From left: Warburton Chamber of Commerce representatives and Station Road business owners Norman Orr, Glenn McLaren, Chris Thomas, Bill Gibbs and Jeffery Gill are concerned about the safety of Rail Trail users entering the town via Station Road.From left: Warburton Chamber of Commerce representatives and Station Road business owners Norman Orr, Glenn McLaren, Chris Thomas, Bill Gibbs and Jeffery Gill are concerned about the safety of Rail Trail users entering the town via Station Road.

By Dion Teasdale
WARBURTON Chamber of Commerce has raised concerns over plans by the Warburton to Lilydale Rail Trail Committee to install a new sign in the town.
Representatives from the chamber believe a new visitor information sign, to be erected at the intersection of the trail and Station Road, will jeopardise the safety of trail users.
Norman Orr, the chamber’s secretary, said members feared installing the sign at the top of Station Road would encourage trail users to cross the Warburton Highway at an unsafe place.
“It would be great to have a new sign but if it’s placed at the top of Station Road it will put people’s lives at risk,” he said.
“If people get off their bikes to read the sign, they’ll think it’s the end of the trail, and then come down Station Road, putting themselves in the line of busy traffic.”
Mr Orr said he had witnessed many trail users entering the town via Station Road and that it was only a matter of time before someone was injured or killed.
He said the chamber would prefer to see the new rail trail sign erected closer to the Waterwheel building, 200 metres further along the street.
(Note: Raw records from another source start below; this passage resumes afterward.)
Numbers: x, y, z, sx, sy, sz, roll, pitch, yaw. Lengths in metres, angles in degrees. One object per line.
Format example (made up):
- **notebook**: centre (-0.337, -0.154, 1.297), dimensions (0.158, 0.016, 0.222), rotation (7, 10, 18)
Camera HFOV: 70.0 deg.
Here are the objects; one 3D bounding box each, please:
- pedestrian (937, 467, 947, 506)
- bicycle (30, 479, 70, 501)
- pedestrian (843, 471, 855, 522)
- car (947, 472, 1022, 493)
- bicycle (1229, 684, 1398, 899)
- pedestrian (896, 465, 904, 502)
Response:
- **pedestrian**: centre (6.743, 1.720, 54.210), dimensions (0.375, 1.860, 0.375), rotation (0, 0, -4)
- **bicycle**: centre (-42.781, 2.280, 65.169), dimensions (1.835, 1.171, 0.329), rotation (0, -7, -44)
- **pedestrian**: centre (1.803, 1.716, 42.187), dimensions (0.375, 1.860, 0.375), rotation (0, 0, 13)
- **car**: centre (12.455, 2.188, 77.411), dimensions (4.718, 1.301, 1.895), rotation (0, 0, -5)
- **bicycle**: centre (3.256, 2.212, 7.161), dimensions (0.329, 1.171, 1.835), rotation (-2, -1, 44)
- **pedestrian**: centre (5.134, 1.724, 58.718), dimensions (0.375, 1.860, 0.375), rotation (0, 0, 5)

“The Waterwheel is the end of the trail in Warburton. It’s the logical place for people to finish their trip, and once there they can use the pedestrian lights to cross the highway safely,” Mr Orr said.
However, Rail Trail Committee spokeswoman Liz Tunnecliffe said the committee was yet to finalise the site of the new sign and was keen to work with the chamber to address safety issues.
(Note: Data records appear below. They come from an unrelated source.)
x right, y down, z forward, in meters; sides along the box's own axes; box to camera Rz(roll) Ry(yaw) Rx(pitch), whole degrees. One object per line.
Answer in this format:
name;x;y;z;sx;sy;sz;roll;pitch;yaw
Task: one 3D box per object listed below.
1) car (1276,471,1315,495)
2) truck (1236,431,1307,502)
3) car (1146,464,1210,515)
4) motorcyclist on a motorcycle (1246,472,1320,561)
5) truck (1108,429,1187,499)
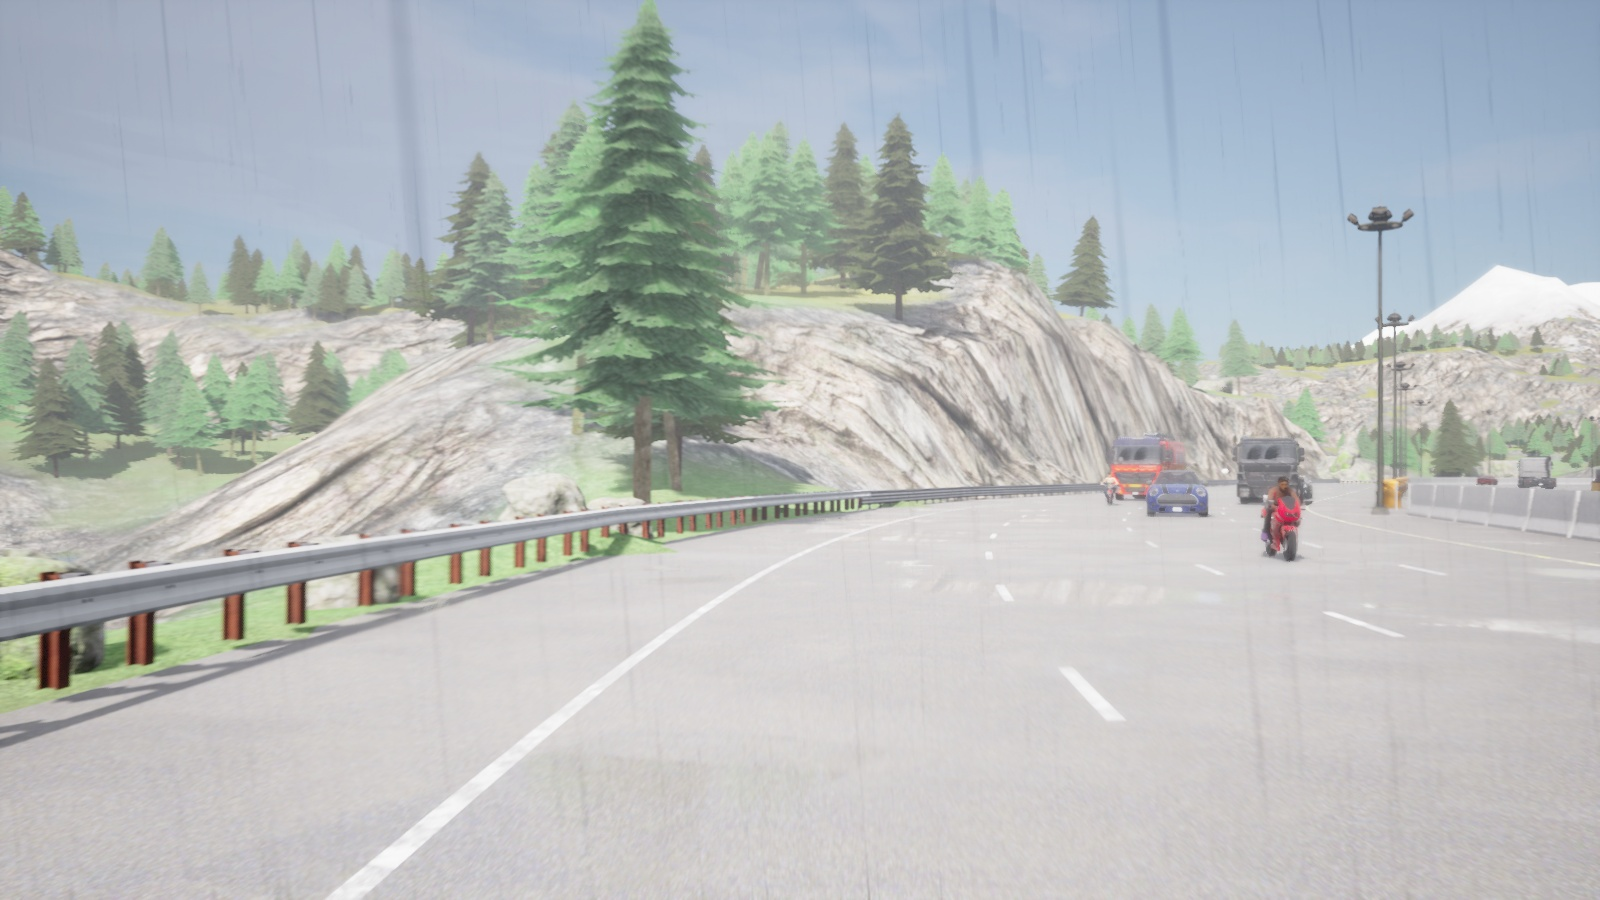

“(We) also want to reduce the number of cyclists leaving the trail for the highway at Station Road,” she said. “Like the Chamber, (we) want to encourage more cyclists to proceed on to the Waterwheel and we want to maximise the benefits of the rail trail to all traders and tourist businesses in the town.”
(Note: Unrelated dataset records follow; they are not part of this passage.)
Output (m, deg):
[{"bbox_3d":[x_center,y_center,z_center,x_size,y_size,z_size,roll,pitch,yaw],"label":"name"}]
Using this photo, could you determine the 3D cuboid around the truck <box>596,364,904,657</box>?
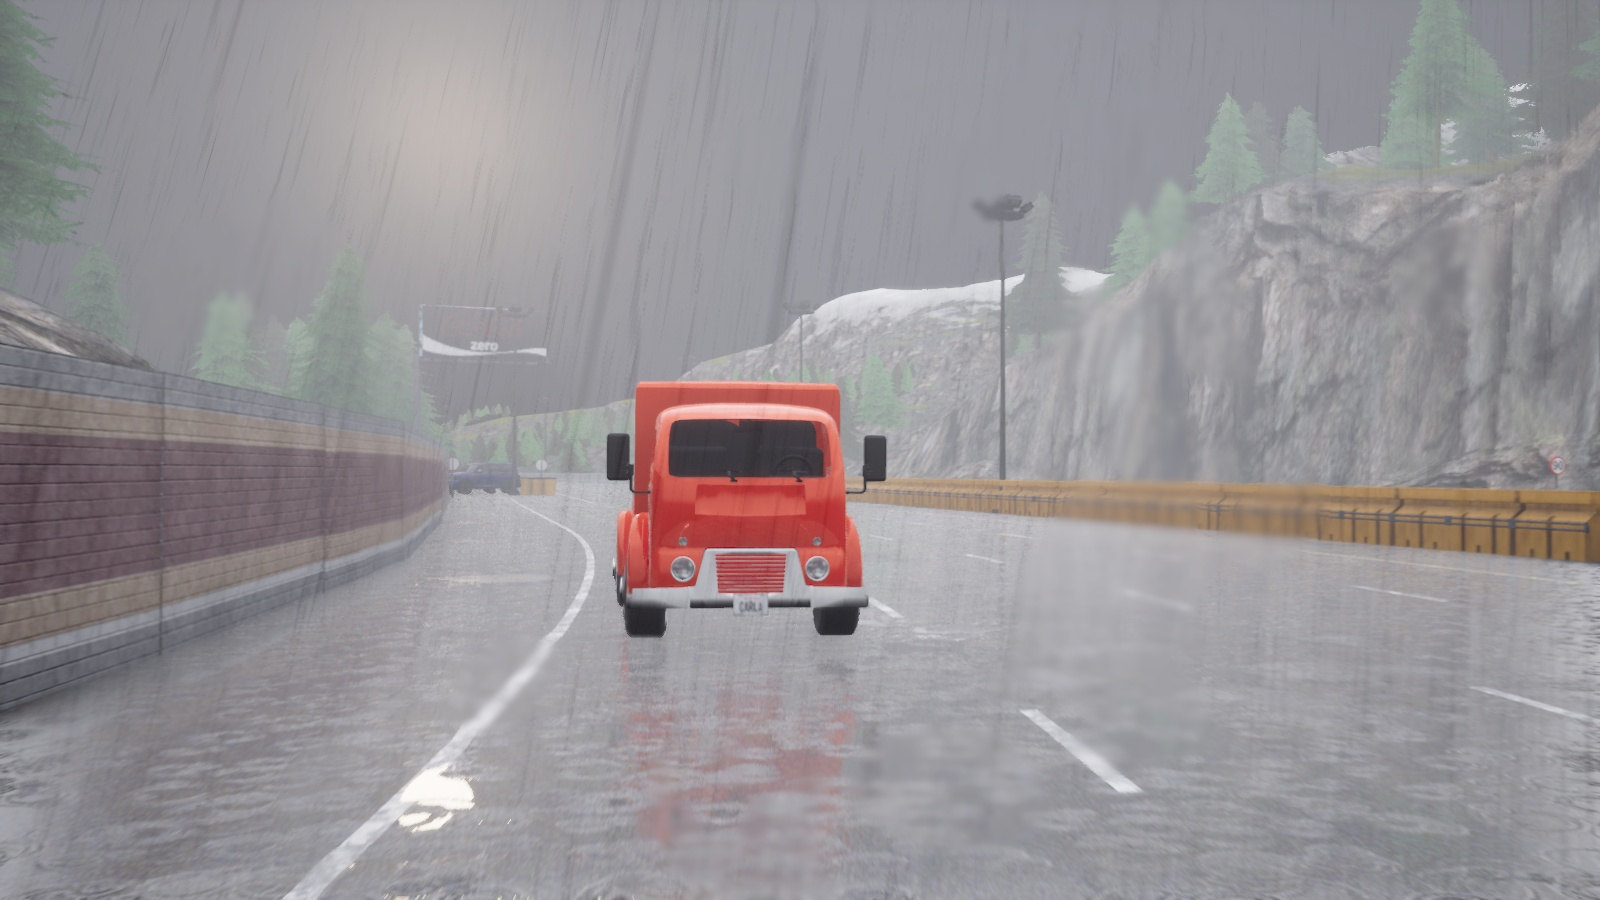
[{"bbox_3d":[-0.702,0.556,13.307,2.627,2.467,5.204,0,-1,-6],"label":"truck"}]

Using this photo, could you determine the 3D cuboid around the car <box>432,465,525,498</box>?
[{"bbox_3d":[-20.524,1.967,80.300,2.150,2.045,5.566,0,-1,40],"label":"car"}]

Ms Tunnecliffe has called on the Shire of Yarra Ranges to improve access from the top of the Waterwheel building down to the pedestrian crossing on the highway.
“At the moment there is no safe access for bikes or less able people from the Waterwheel to the pedestrian crossing,” she said.
“Hopefully some of the funding recently announced by the council will go to implementing (a) landscaping plan to maximise the crossing’s benefits.”
James Martin, the shire’s manager of community relations, said cash to improve accessibility from the Waterwheel precinct to the main street had been included in the shire’s budget, and that work was expected to start in the next 12 months.